What you will do
Your answer should be the lines below from the one with "text De voorzitter: Dat" to the one with "text De voorzitter: Dank u wel. Tot", both included, given again exactly and with nothing added.

____________________

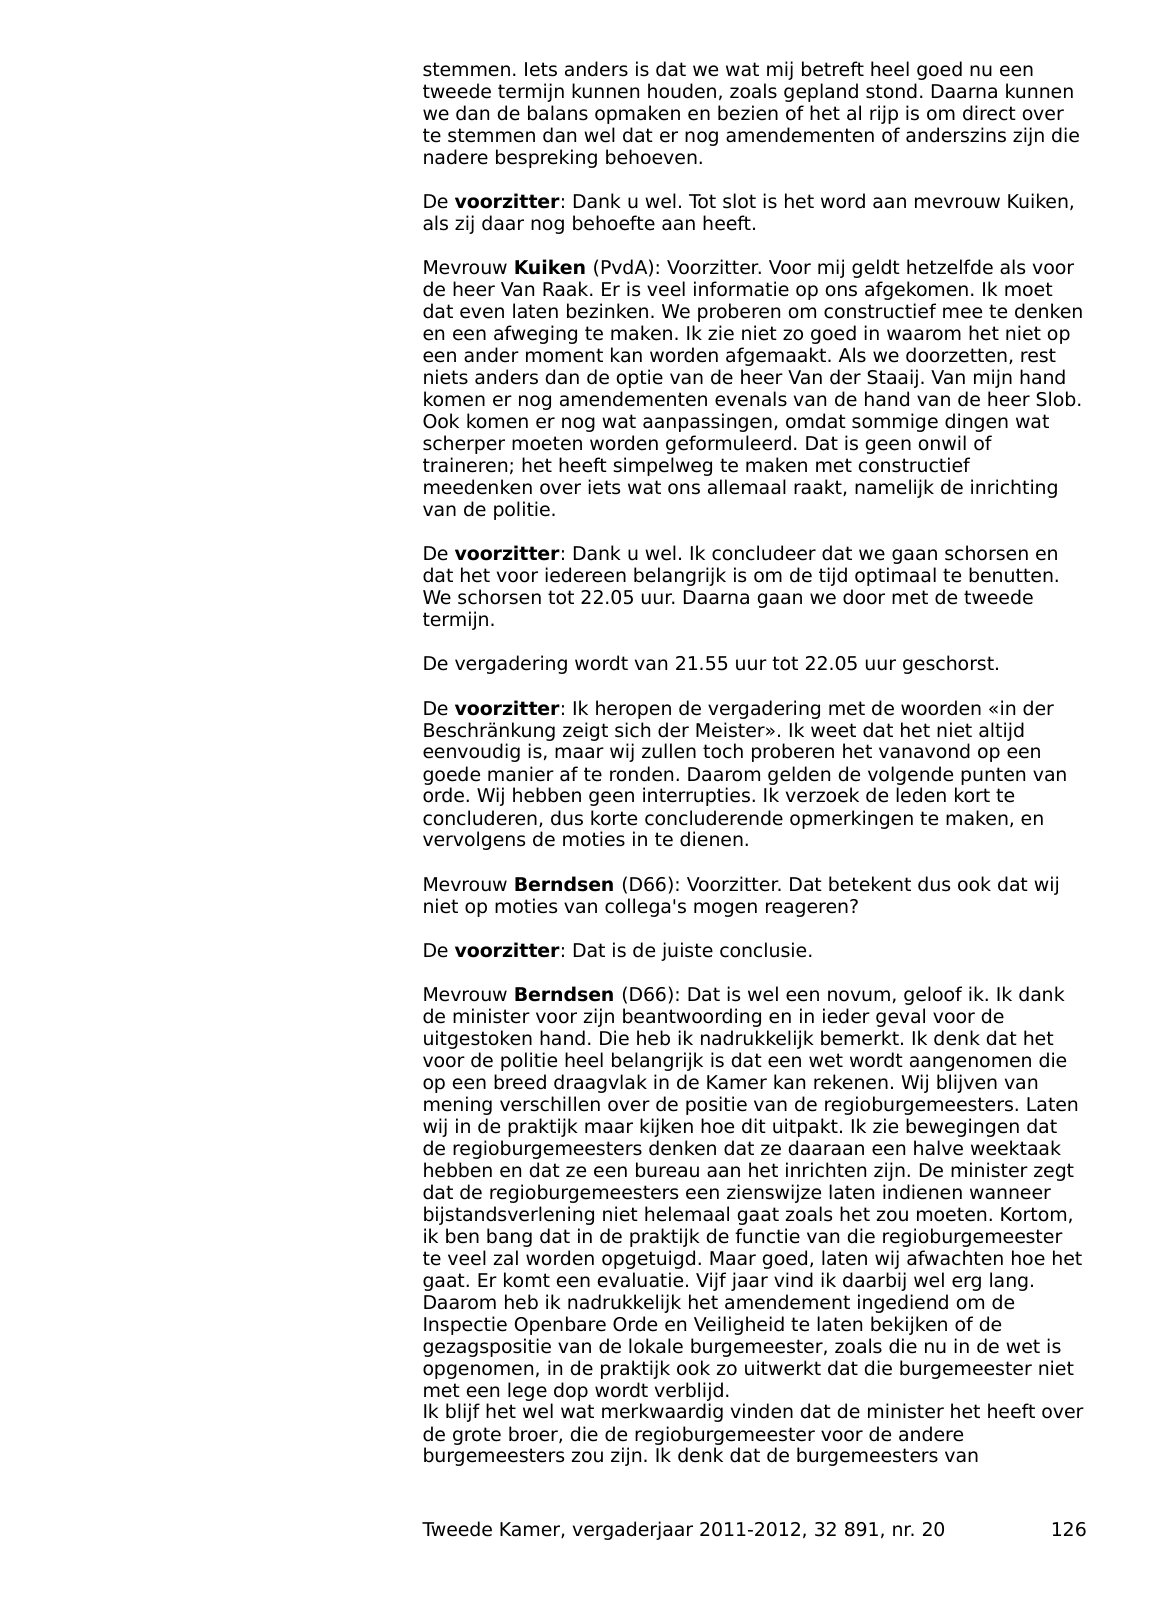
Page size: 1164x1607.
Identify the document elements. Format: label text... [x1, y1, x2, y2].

text Mevrouw Kuiken (PvdA): Voorzitter. Voor mij geldt hetzelfde als voor de heer Van Raak. Er is veel informatie op ons afgekomen. Ik moet dat even laten bezinken. We proberen om constructief mee te denken en een afweging te maken. Ik zie niet zo goed in waarom het niet op een ander moment kan worden afgemaakt. Als we doorzetten, rest niets anders dan de optie van de heer Van der Staaij. Van mijn hand komen er nog amendementen evenals van de hand van de heer Slob. Ook komen er nog wat aanpassingen, omdat sommige dingen wat scherper moeten worden geformuleerd. Dat is geen onwil of traineren; het heeft simpelweg te maken met constructief meedenken over iets wat ons allemaal raakt, namelijk de inrichting van de politie. [422, 257, 1087, 521]
text De voorzitter: Ik heropen de vergadering met de woorden «in der Beschränkung zeigt sich der Meister». Ik weet dat het niet altijd eenvoudig is, maar wij zullen toch proberen het vanavond op een goede manier af te ronden. Daarom gelden de volgende punten van orde. Wij hebben geen interrupties. Ik verzoek de leden kort te concluderen, dus korte concluderende opmerkingen te maken, en vervolgens de moties in te dienen. [422, 697, 1087, 851]
text De voorzitter: Dat is de juiste conclusie. [422, 940, 1087, 962]
text De voorzitter: Dank u wel. Ik concludeer dat we gaan schorsen en dat het voor iedereen belangrijk is om de tijd optimaal te benutten. We schorsen tot 22.05 uur. Daarna gaan we door met de tweede termijn. [422, 543, 1087, 631]
text stemmen. Iets anders is dat we wat mij betreft heel goed nu een tweede termijn kunnen houden, zoals gepland stond. Daarna kunnen we dan de balans opmaken en bezien of het al rijp is om direct over te stemmen dan wel dat er nog amendementen of anderszins zijn die nadere bespreking behoeven. [422, 59, 1087, 169]
text De vergadering wordt van 21.55 uur tot 22.05 uur geschorst. [422, 653, 1087, 675]
text Mevrouw Berndsen (D66): Voorzitter. Dat betekent dus ook dat wij niet op moties van collega's mogen reageren? [422, 873, 1087, 917]
text De voorzitter: Dank u wel. Tot slot is het word aan mevrouw Kuiken, als zij daar nog behoefte aan heeft. [422, 191, 1087, 235]
text Mevrouw Berndsen (D66): Dat is wel een novum, geloof ik. Ik dank de minister voor zijn beantwoording en in ieder geval voor de uitgestoken hand. Die heb ik nadrukkelijk bemerkt. Ik denk dat het voor de politie heel belangrijk is dat een wet wordt aangenomen die op een breed draagvlak in de Kamer kan rekenen. Wij blijven van mening verschillen over de positie van de regioburgemeesters. Laten wij in de praktijk maar kijken hoe dit uitpakt. Ik zie bewegingen dat de regioburgemeesters denken dat ze daaraan een halve weektaak hebben en dat ze een bureau aan het inrichten zijn. De minister zegt dat de regioburgemeesters een zienswijze laten indienen wanneer bijstandsverlening niet helemaal gaat zoals het zou moeten. Kortom, ik ben bang dat in de praktijk de functie van die regioburgemeester te veel zal worden opgetuigd. Maar goed, laten wij afwachten hoe het gaat. Er komt een evaluatie. Vijf jaar vind ik daarbij wel erg lang. Daarom heb ik nadrukkelijk het amendement ingediend om de Inspectie Openbare Orde en Veiligheid te laten bekijken of de gezagspositie van de lokale burgemeester, zoals die nu in de wet is opgenomen, in de praktijk ook zo uitwerkt dat die burgemeester niet met een lege dop wordt verblijd. [422, 984, 1087, 1401]
text Ik blijf het wel wat merkwaardig vinden dat de minister het heeft over de grote broer, die de regioburgemeester voor de andere burgemeesters zou zijn. Ik denk dat de burgemeesters van [422, 1401, 1087, 1467]

____________________

Answer space
text De voorzitter: Dat is de juiste conclusie. [422, 940, 1087, 962]
text De voorzitter: Dank u wel. Ik concludeer dat we gaan schorsen en dat het voor iedereen belangrijk is om de tijd optimaal te benutten. We schorsen tot 22.05 uur. Daarna gaan we door met de tweede termijn. [422, 543, 1087, 631]
text stemmen. Iets anders is dat we wat mij betreft heel goed nu een tweede termijn kunnen houden, zoals gepland stond. Daarna kunnen we dan de balans opmaken en bezien of het al rijp is om direct over te stemmen dan wel dat er nog amendementen of anderszins zijn die nadere bespreking behoeven. [422, 59, 1087, 169]
text De vergadering wordt van 21.55 uur tot 22.05 uur geschorst. [422, 653, 1087, 675]
text Mevrouw Berndsen (D66): Voorzitter. Dat betekent dus ook dat wij niet op moties van collega's mogen reageren? [422, 873, 1087, 917]
text De voorzitter: Dank u wel. Tot slot is het word aan mevrouw Kuiken, als zij daar nog behoefte aan heeft. [422, 191, 1087, 235]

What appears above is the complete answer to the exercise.